Here is a simple implementation. This will print 3 unique random numbers from the range 1-10.

import java.util.ArrayList;
import java.util.Collections;

public class UniqueRandomNumbers {

    public static void main(String[] args) {
        ArrayList<Integer> list = new ArrayList<Integer>();
        for (int i=1; i<11; i++) {
            list.add(new Integer(i));
        }
        Collections.shuffle(list);
        for (int i=0; i<3; i++) {
            System.out.println(list.get(i));
        }
    }
}

The first part of the fix with the original approach, as Mark Byers pointed out in an answer now deleted, is to use only a single Random instance.

That is what is causing the numbers to be identical. A Random instance is seeded by the current time in milliseconds. For a particular seed value, the 'random' instance will return the exact same sequence of pseudo random numbers.

I have easy solution for this problem, With this we can easily generate n number of unique random numbers, Its just logic anyone can use it in any language.

for(int i=0;i<4;i++)
        {
            rn[i]= GenerateRandomNumber();
            for (int j=0;j<i;j++)
            {
                if (rn[i] == rn[j])
                {
                    i--;
                }
            }
        }

Choose n unique random numbers from 0 to m-1.

int[] uniqueRand(int n, int m){
    Random rand = new Random();
    int[] r = new int[n];
    int[] result = new int[n];
    for(int i = 0; i < n; i++){
        r[i] = rand.nextInt(m-i);
        result[i] = r[i];
        for(int j = i-1; j >= 0; j--){
            if(result[i] >= r[j])
                result[i]++;
        }
    }
    return result;
}

Imagine a list containing numbers from 0 to m-1. To choose the first number, we simply use rand.nextInt(m). Then remove the number from the list. Now there remains m-1 numbers, so we call rand.nextInt(m-1). The number we get represents the position in the list. If it is less than the first number, then it is the second number, since the part of list prior to the first number wasn't changed by the removal of the first number. If the position is greater than or equal to the first number, the second number is position+1. Do some further derivation, you can get this algorithm.

I feel like this method is worth mentioning.

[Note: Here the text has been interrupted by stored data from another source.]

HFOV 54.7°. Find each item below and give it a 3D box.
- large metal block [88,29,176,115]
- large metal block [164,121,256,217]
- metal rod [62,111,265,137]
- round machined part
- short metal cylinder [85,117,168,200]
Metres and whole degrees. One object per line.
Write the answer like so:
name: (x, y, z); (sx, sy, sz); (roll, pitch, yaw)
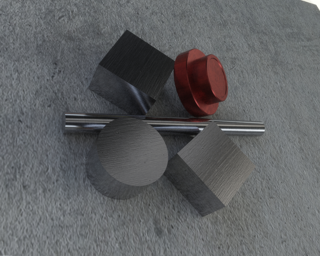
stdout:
large metal block: (-0.035, -0.071, 0.412); (0.080, 0.050, 0.080); (32, 51, -8)
large metal block: (0.061, 0.051, 0.393); (0.080, 0.050, 0.080); (48, 51, 5)
metal rod: (0.024, -0.003, 0.423); (0.303, 0.025, 0.025); (2, 61, -28)
round machined part: (0.064, -0.066, 0.441); (0.098, 0.042, 0.098); (25, 59, -50)
short metal cylinder: (-0.038, 0.035, 0.348); (0.081, 0.050, 0.080); (14, 56, -21)
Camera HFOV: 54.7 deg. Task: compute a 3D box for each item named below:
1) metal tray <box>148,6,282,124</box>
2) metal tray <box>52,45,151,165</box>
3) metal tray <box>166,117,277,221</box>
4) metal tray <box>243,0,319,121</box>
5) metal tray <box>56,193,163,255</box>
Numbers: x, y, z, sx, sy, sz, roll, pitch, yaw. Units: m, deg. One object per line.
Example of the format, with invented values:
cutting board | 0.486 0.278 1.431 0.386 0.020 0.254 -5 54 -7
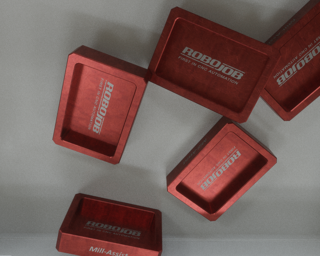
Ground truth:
metal tray | 0.059 -0.073 0.362 0.130 0.030 0.089 26 109 9
metal tray | -0.074 -0.024 0.380 0.090 0.030 0.129 20 121 -3
metal tray | 0.082 0.059 0.431 0.090 0.030 0.130 37 105 -13
metal tray | 0.174 -0.083 0.380 0.090 0.030 0.130 43 104 -15
metal tray | -0.064 0.139 0.426 0.131 0.090 0.030 14 110 -6
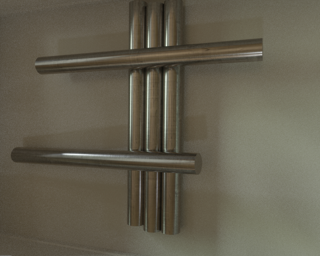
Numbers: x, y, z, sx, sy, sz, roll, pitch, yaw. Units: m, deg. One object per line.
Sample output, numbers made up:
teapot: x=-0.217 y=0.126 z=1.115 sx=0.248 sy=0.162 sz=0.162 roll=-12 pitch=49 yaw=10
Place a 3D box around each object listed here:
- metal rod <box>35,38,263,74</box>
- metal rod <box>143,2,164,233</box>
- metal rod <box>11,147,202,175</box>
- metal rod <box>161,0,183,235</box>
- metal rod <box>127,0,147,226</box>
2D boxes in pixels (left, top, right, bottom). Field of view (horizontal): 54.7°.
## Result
metal rod: x=-0.028 y=-0.088 z=0.392 sx=0.301 sy=0.025 sz=0.025 roll=0 pitch=90 yaw=20
metal rod: x=-0.008 y=-0.014 z=0.412 sx=0.025 sy=0.025 sz=0.298 roll=1 pitch=90 yaw=20
metal rod: x=-0.090 y=0.042 z=0.422 sx=0.300 sy=0.025 sz=0.025 roll=0 pitch=90 yaw=27
metal rod: x=0.016 y=-0.014 z=0.403 sx=0.025 sy=0.025 sz=0.298 roll=1 pitch=90 yaw=20
metal rod: x=-0.031 y=-0.019 z=0.421 sx=0.025 sy=0.025 sz=0.298 roll=1 pitch=90 yaw=20
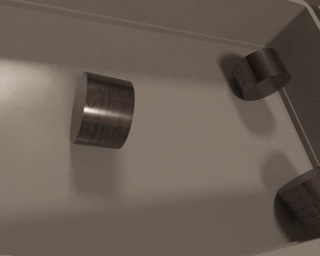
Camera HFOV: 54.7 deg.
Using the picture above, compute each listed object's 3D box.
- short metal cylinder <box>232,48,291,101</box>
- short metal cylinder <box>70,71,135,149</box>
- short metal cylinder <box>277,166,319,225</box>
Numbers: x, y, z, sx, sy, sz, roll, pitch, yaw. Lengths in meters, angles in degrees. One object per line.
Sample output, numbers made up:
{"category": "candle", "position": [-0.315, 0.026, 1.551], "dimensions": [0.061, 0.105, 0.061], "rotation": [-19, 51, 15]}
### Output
{"category": "short metal cylinder", "position": [0.168, -0.087, 0.517], "dimensions": [0.081, 0.080, 0.050], "rotation": [-6, 65, -31]}
{"category": "short metal cylinder", "position": [-0.066, -0.019, 0.347], "dimensions": [0.050, 0.080, 0.080], "rotation": [10, 58, -24]}
{"category": "short metal cylinder", "position": [0.214, 0.092, 0.432], "dimensions": [0.081, 0.080, 0.050], "rotation": [-22, 74, -36]}
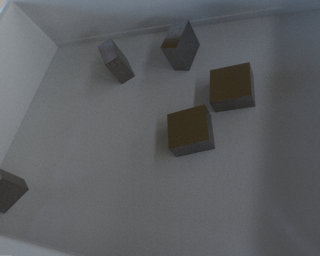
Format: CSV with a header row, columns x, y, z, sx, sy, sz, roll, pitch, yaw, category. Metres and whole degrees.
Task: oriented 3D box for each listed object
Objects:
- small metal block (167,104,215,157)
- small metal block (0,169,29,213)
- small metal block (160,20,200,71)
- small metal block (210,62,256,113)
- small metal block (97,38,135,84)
x,y,z,sx,sy,sz,roll,pitch,yaw,category
0.038,0.004,0.384,0.050,0.025,0.050,-15,56,20,small metal block
-0.234,0.093,0.456,0.050,0.050,0.025,-46,51,-4,small metal block
0.031,-0.118,0.446,0.025,0.050,0.050,9,66,32,small metal block
0.091,-0.051,0.389,0.050,0.025,0.050,-8,58,24,small metal block
-0.069,-0.106,0.491,0.025,0.050,0.050,-32,52,8,small metal block
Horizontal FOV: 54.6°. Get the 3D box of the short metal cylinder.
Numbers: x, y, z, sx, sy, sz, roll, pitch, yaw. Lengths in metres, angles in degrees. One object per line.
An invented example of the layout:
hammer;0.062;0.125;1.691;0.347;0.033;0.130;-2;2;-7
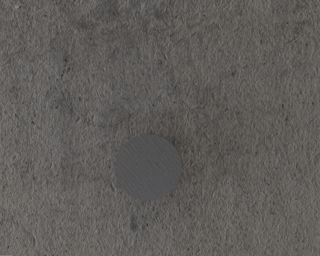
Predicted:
short metal cylinder;-0.014;0.047;0.397;0.080;0.050;0.080;0;90;0
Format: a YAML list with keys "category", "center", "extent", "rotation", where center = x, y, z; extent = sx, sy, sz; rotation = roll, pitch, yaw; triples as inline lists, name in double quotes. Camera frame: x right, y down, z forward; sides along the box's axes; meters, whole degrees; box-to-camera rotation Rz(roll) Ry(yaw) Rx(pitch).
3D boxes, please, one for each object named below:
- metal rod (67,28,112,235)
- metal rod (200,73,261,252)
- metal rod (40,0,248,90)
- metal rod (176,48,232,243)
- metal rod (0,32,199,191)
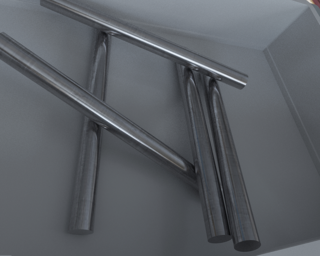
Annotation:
- category: "metal rod"
  center: [-0.079, -0.027, 0.378]
  extent: [0.025, 0.025, 0.299]
  rotation: [13, 56, -21]
- category: "metal rod"
  center: [0.079, 0.007, 0.399]
  extent: [0.025, 0.025, 0.300]
  rotation: [18, 41, -18]
- category: "metal rod"
  center: [-0.012, -0.120, 0.434]
  extent: [0.302, 0.025, 0.025]
  rotation: [20, 54, -13]
- category: "metal rod"
  center: [0.048, -0.004, 0.405]
  extent: [0.025, 0.025, 0.300]
  rotation: [12, 48, -22]
- category: "metal rod"
  center: [-0.047, -0.003, 0.353]
  extent: [0.301, 0.025, 0.025]
  rotation: [35, 51, -16]

   private static final Random RANDOM = new Random();    
   /**
     * Pick n numbers between 0 (inclusive) and k (inclusive)
     * While there are very deterministic ways to do this,
     * for large k and small n, this could be easier than creating
     * an large array and sorting, i.e. k = 10,000
     */
    public Set<Integer> pickRandom(int n, int k) {
        final Set<Integer> picked = new HashSet<>();
        while (picked.size() < n) {
            picked.add(RANDOM.nextInt(k + 1));
        }
        return picked;
    }

try this out

public class RandomValueGenerator {
    /**
     * 
     */
    private volatile List<Double> previousGenValues = new ArrayList<Double>();

    public void init() {
        previousGenValues.add(Double.valueOf(0));
    }

    public String getNextValue() {
        Random random = new Random();
        double nextValue=0;
        while(previousGenValues.contains(Double.valueOf(nextValue))) {
            nextValue = random.nextDouble();
        }
        previousGenValues.add(Double.valueOf(nextValue));
        return String.valueOf(nextValue);
    }
}